Plasma (XPL) and aster (ASTER) both failed to benefit from Monday’s recovery, losing 4.2% and 2.5% respectively.

Derivatives Positioning

  • The BTC futures market has stabilized after a volatile period. Open interest, which had dropped from $33 billion to $23 billion over the weekend, has now settled at around $26 billion. Similarly, the 3-month annualized basis has rebounded to the 6-7% range, after dipping to 4-5% over the weekend, indicating that the bullish sentiment has largely returned. However, funding rates remain a key area of divergence; while Bybit and Hyperliquid have settled around 10%, Binance’s rate is negative.
  • The BTC options market is showing a renewed bullish lean.
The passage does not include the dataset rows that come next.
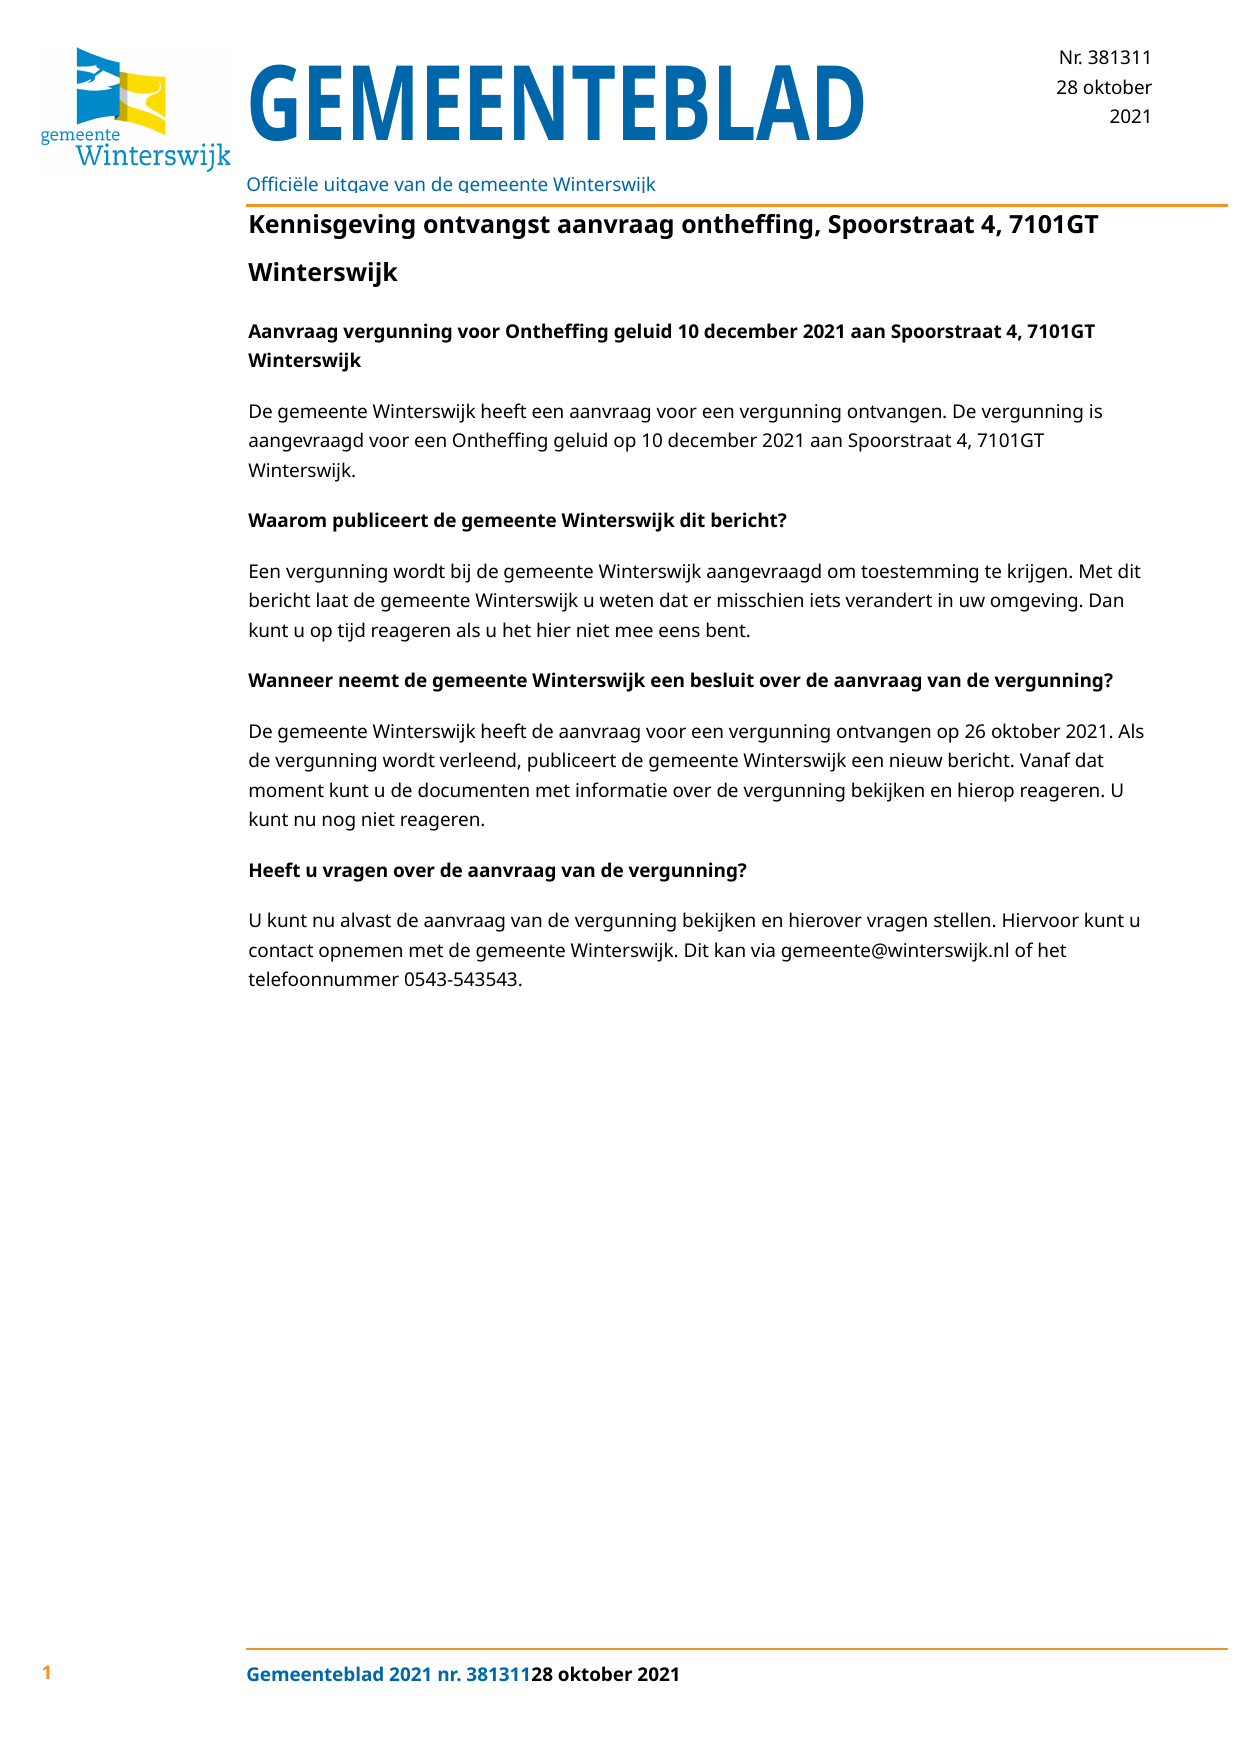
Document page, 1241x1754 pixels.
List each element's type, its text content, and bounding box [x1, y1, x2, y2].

text Kennisgeving ontvangst aanvraag ontheffing, Spoorstraat 4, 7101GT Winterswijk [248, 207, 1152, 288]
text Heeft u vragen over de aanvraag van de vergunning? [248, 857, 1152, 883]
text Wanneer neemt de gemeente Winterswijk een besluit over de aanvraag van de vergunning? [248, 667, 1152, 693]
text De gemeente Winterswijk heeft de aanvraag voor een vergunning ontvangen op 26 oktober 2021. Als de vergunning wordt verleend, publiceert de gemeente Winterswijk een nieuw bericht. Vanaf dat moment kunt u de documenten met informatie over de vergunning bekijken en hierop reageren. U kunt nu nog niet reageren. [248, 718, 1152, 832]
picture [41, 47, 231, 172]
text Een vergunning wordt bij de gemeente Winterswijk aangevraagd om toestemming te krijgen. Met dit bericht laat de gemeente Winterswijk u weten dat er misschien iets verandert in uw omgeving. Dan kunt u op tijd reageren als u het hier niet mee eens bent. [248, 558, 1152, 643]
text De gemeente Winterswijk heeft een aanvraag voor een vergunning ontvangen. De vergunning is aangevraagd voor een Ontheffing geluid op 10 december 2021 aan Spoorstraat 4, 7101GT Winterswijk. [248, 398, 1152, 483]
text U kunt nu alvast de aanvraag van de vergunning bekijken en hierover vragen stellen. Hiervoor kunt u contact opnemen met de gemeente Winterswijk. Dit kan via gemeente@winterswijk.nl of het telefoonnummer 0543-543543. [248, 907, 1152, 992]
text Aanvraag vergunning voor Ontheffing geluid 10 december 2021 aan Spoorstraat 4, 7101GT Winterswijk [248, 318, 1152, 373]
text Waarom publiceert de gemeente Winterswijk dit bericht? [248, 507, 1152, 533]
picture [225, 153, 231, 162]
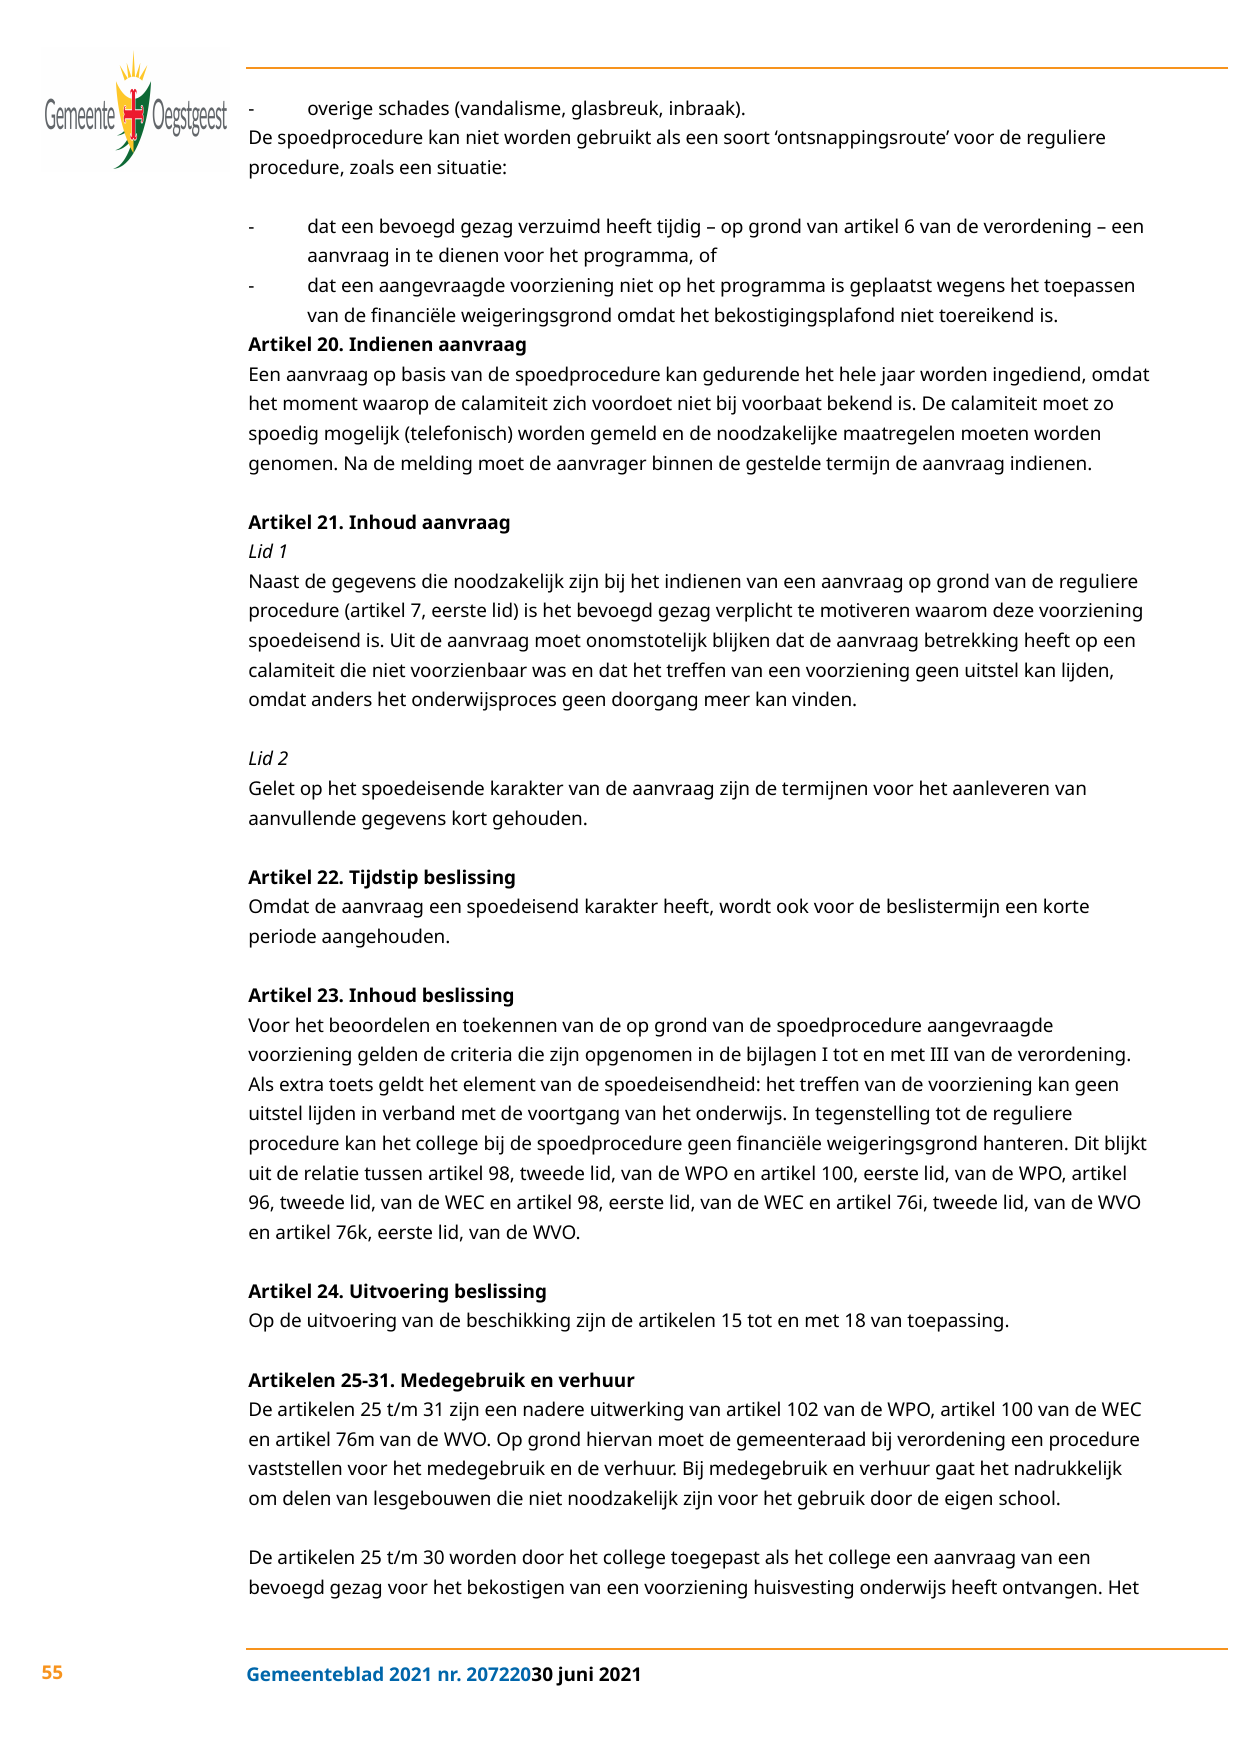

The 24-hour Put/Call Volume has shifted to be more in favor of calls, now at over 56%. Additionally, the 1-week 25 Delta Skew has risen to 2.5% after a period of flatness.
  • These metrics indicate a market with increasing demand for bullish exposure and upside protection, reflecting a shift away from the recent «cautious neutrality.»
  • Coinglass data shows $620 million in 24 hour liquidations, with a 34-66 split between longs and shorts. ETH ($218 million), BTC ($124 million) and SOL ($43 million) were the leaders in terms of notional liquidations. Binance liquidation heatmap indicates $116,620 as a core liquidation level to monitor, in case of a price rise.

Token Talk

By Oliver Knight

  • The crypto market kicked off Monday with a rebound in the wake of a sharp weekend leverage flush. According to data from CoinMarketCap, the total crypto market cap climbed roughly 5.7% in the past 24 hours, with volume jumping about 26.8%, suggesting those liquidated at the weekend are repurchasing their positions.
  • A total of $19 billion worth of derivatives positions were wiped out over the weekend with the vast majority being attributed to those holding long positions, in the past 24 hours, however, $626 billion was liquidated with $420 billion of that being on the short side, demonstrating a reversal in sentiment, according to CoinGlass.
  • The recovery has been tentative so far; the dominance of Bitcoin remains elevated at about 58.45%, down modestly from recent highs, which implies altcoins may still lag as capital piles back into safer large-cap names.
  • The big winner of Monday’s recovery was synthetix (SNX), which rose by more than 120% ahead of a crypto trading competition that will see it potentially start up «perpetual wars» with HyperLiquid.